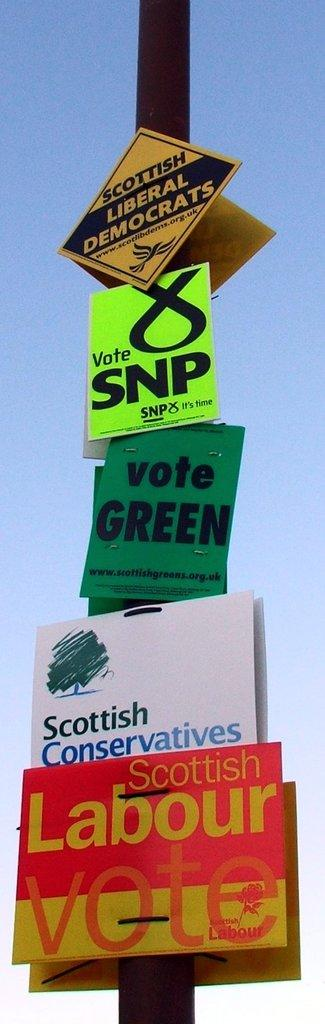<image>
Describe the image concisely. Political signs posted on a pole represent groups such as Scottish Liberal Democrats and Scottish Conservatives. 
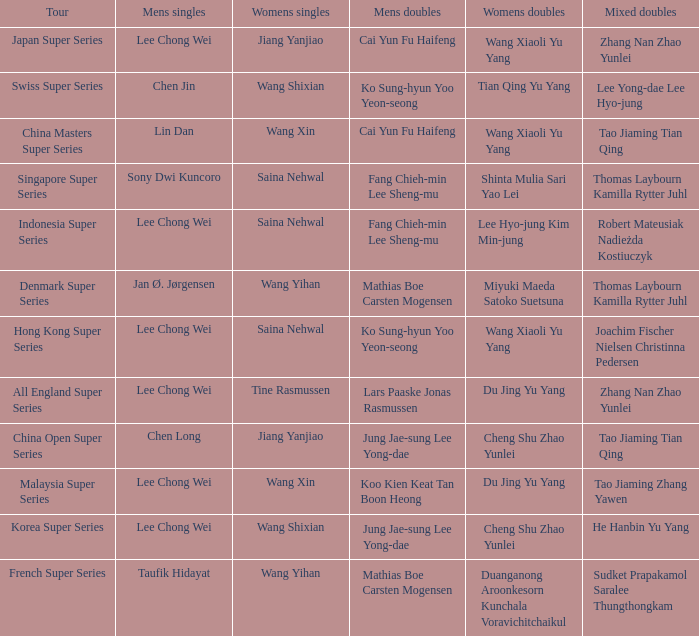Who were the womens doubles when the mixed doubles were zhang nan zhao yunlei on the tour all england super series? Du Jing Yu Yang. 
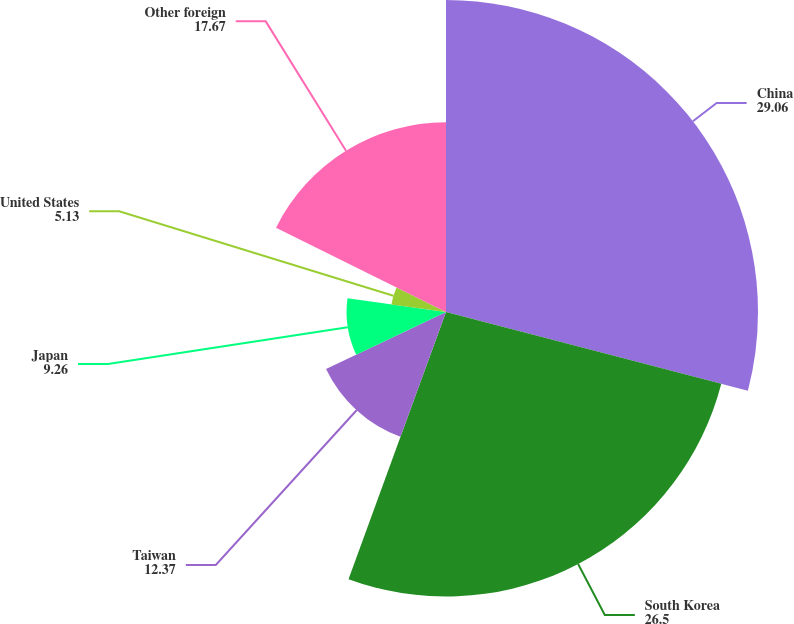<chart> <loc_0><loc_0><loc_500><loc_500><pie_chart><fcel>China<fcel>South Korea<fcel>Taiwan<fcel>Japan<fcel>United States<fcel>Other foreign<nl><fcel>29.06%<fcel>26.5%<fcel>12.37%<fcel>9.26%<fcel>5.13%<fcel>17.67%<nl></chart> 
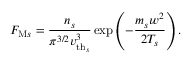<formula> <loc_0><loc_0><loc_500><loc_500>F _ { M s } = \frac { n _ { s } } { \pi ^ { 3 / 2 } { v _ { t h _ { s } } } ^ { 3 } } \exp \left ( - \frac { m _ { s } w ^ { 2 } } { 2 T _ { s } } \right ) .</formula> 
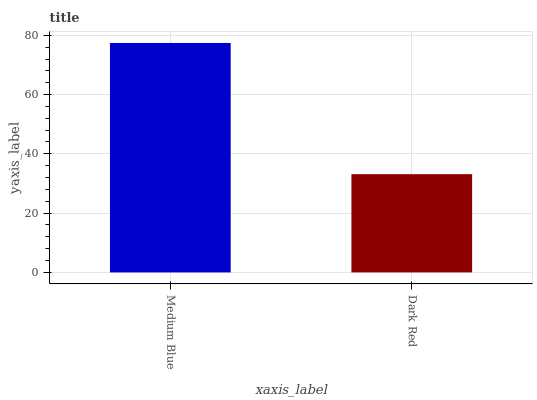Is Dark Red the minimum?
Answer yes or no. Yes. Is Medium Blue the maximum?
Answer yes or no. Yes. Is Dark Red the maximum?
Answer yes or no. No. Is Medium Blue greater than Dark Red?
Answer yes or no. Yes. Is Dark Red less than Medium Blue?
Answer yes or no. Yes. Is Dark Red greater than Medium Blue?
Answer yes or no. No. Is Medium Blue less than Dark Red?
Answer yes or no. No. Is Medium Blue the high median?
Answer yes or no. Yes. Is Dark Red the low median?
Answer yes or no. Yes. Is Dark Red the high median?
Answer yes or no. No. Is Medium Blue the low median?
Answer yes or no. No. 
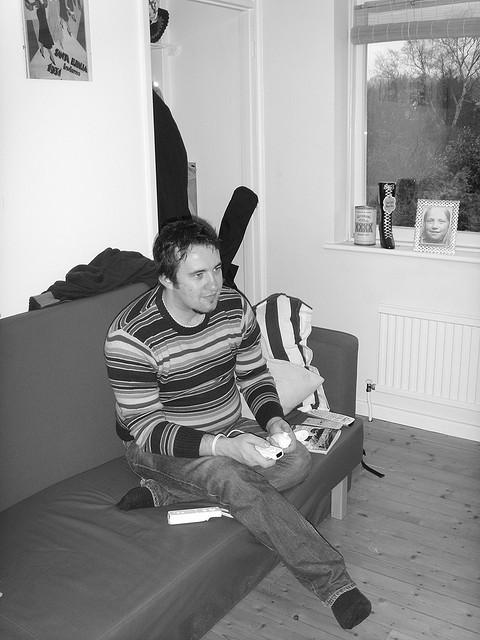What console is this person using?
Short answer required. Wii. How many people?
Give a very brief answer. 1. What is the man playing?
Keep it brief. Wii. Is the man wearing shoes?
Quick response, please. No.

----------------------------------------

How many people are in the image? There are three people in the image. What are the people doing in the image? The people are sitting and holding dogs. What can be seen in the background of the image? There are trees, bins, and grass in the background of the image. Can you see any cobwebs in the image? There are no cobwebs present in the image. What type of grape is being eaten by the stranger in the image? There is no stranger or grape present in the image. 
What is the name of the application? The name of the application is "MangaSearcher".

----------------------------------------

◆ **What is required**
Could you repeat, exactly, only the lines above starting at the one that has "Answer yes or no. No. Is Medium Blue the low" and stopping after the one that has "Quick response, please. No.", without the pictures?

◆ **Exercise answer**
Answer yes or no. No. Is Medium Blue the low median?
Answer yes or no. No. 
What console is this person using?
Short answer required. Wii. How many people?
Give a very brief answer. 1. What is the man playing?
Keep it brief. Wii. Is the man wearing shoes?
Quick response, please. No.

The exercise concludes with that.